▶ Instructions for the task
Go through the entries, filter for the word "with", and copy every line that has it.
[[ Supplied material, beginning ]]
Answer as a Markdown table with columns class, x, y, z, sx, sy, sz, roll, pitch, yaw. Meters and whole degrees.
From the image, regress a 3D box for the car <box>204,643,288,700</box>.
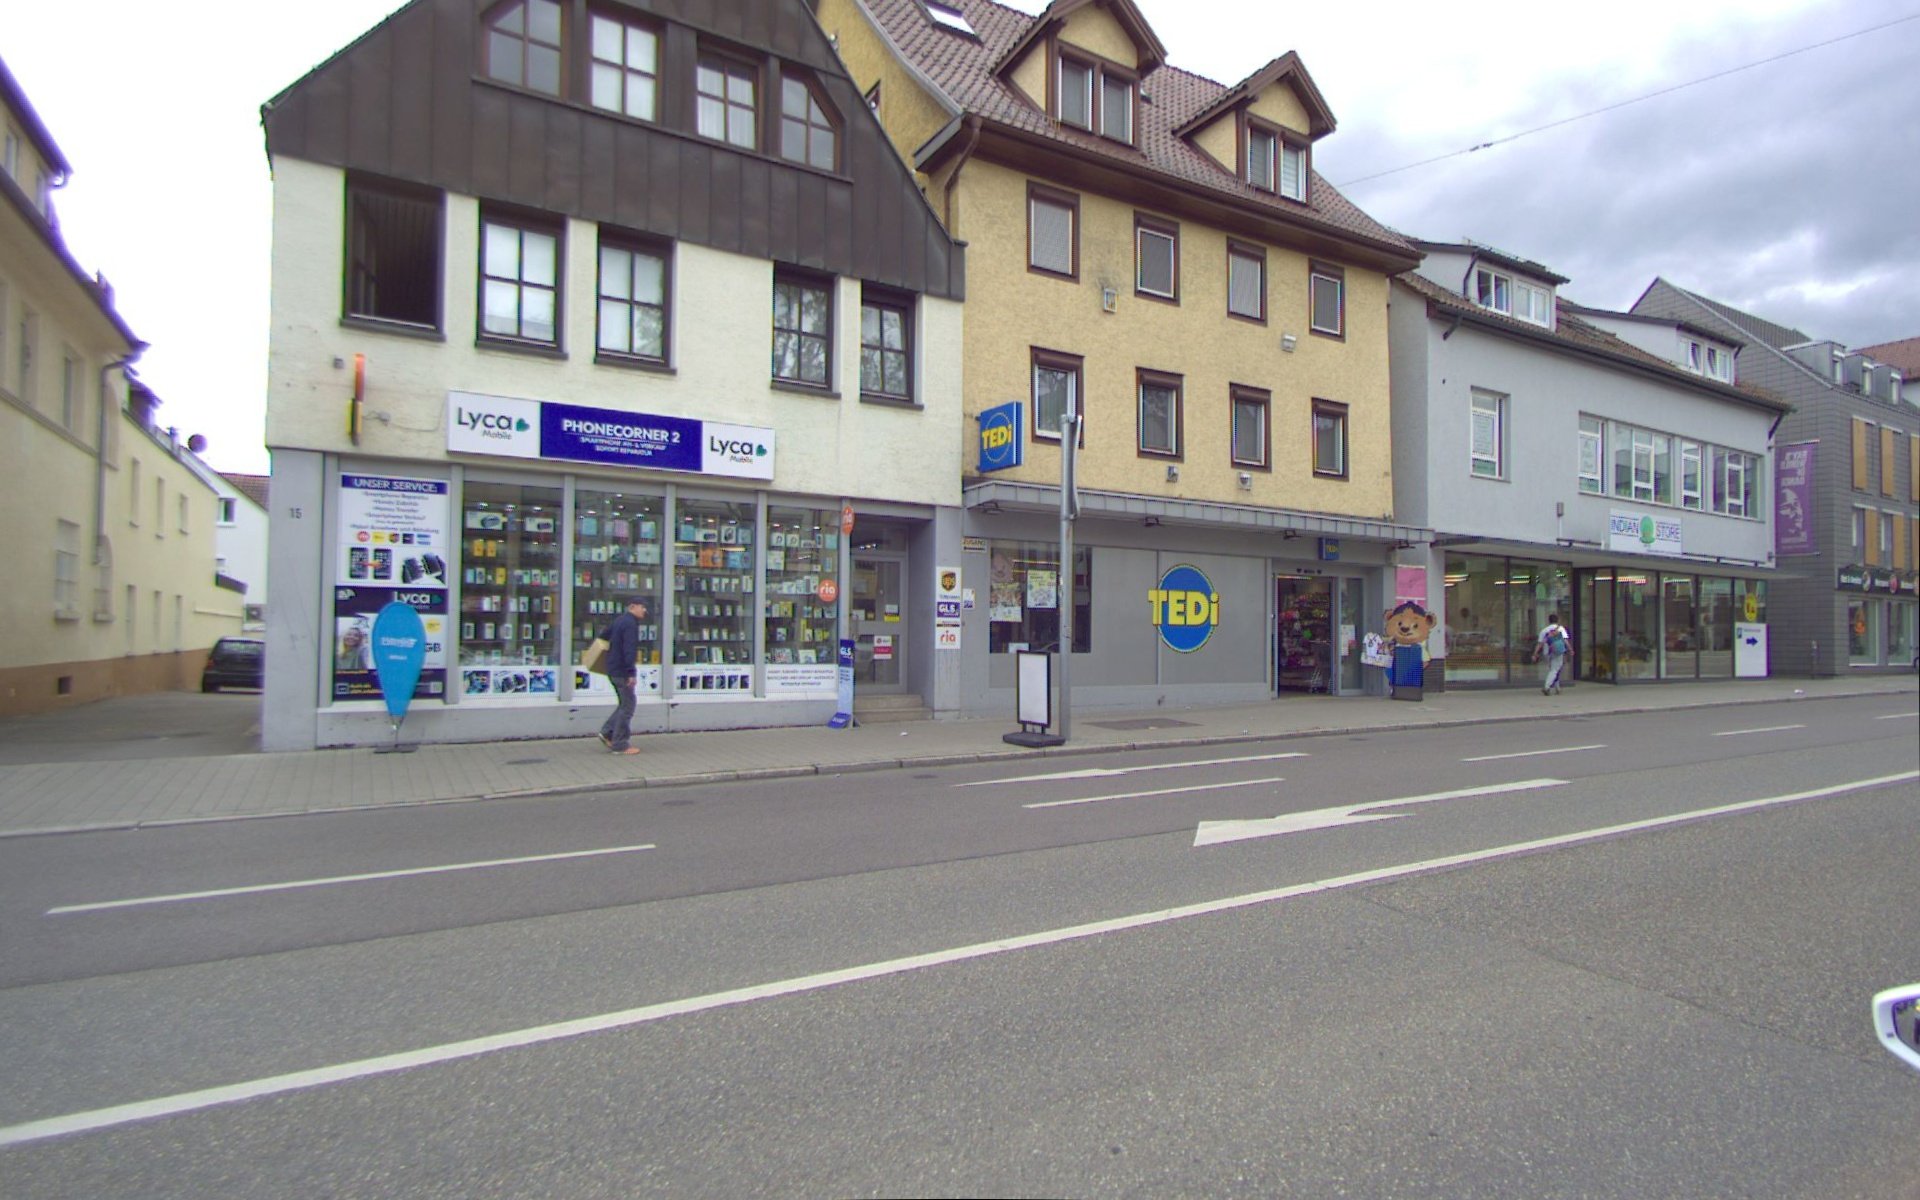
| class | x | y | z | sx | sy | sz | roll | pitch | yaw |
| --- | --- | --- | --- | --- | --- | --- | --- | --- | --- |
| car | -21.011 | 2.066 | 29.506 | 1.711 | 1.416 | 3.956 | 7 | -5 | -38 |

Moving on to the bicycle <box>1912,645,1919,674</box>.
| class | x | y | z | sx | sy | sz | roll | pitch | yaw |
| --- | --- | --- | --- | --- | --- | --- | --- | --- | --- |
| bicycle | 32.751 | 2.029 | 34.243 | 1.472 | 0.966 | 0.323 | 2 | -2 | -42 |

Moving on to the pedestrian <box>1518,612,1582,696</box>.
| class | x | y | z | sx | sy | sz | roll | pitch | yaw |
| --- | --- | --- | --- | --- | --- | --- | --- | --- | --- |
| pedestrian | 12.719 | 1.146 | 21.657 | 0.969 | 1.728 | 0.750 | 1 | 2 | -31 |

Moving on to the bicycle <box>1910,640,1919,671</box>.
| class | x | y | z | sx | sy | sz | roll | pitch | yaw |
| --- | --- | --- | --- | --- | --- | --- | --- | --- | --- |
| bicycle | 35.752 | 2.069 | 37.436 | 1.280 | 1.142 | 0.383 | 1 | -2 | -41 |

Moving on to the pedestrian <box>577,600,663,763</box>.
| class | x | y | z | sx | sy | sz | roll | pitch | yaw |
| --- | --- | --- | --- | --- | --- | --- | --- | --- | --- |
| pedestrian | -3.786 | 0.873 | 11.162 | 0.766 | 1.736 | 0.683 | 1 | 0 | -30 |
[[ Supplied material, end ]]
[[ Supplied material, beginning ]]
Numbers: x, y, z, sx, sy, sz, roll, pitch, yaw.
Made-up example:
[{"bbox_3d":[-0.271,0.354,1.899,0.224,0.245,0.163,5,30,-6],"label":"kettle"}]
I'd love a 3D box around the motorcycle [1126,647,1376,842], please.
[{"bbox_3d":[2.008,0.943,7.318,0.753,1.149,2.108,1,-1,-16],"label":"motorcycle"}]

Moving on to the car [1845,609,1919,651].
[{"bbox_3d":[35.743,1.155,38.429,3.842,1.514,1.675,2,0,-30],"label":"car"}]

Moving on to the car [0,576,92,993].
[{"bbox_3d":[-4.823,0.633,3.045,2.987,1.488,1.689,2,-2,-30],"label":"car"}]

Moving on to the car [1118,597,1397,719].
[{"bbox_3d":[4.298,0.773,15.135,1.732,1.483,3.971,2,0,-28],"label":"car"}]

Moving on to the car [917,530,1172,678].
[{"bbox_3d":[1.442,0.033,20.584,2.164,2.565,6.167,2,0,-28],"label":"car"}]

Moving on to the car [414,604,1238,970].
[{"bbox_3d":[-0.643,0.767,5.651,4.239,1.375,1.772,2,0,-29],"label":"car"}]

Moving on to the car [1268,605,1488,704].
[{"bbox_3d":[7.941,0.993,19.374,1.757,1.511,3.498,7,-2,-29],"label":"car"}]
[[ Supplied material, end ]]
[[ Supplied material, beginning ]]
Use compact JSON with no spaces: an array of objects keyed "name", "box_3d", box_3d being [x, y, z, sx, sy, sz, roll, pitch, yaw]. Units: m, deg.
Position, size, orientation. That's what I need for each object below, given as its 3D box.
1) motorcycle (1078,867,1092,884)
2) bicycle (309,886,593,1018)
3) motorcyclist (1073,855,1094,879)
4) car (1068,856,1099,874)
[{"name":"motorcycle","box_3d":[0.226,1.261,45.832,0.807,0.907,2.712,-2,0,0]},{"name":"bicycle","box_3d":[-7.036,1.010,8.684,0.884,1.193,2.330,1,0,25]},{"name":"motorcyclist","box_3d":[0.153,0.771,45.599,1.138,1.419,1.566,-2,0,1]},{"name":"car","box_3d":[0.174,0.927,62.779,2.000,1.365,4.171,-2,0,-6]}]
[[ Supplied material, end ]]
▶ Answer to this exercise
Answer as a Markdown table with columns class, x, y, z, sx, sy, sz, roll, pitch, yaw. Meters and whole degrees.
Use compact JSON with no spaces: an array of objects keyed "name", "box_3d", box_3d being [x, y, z, sx, sy, sz, roll, pitch, yaw]. Units: m, deg.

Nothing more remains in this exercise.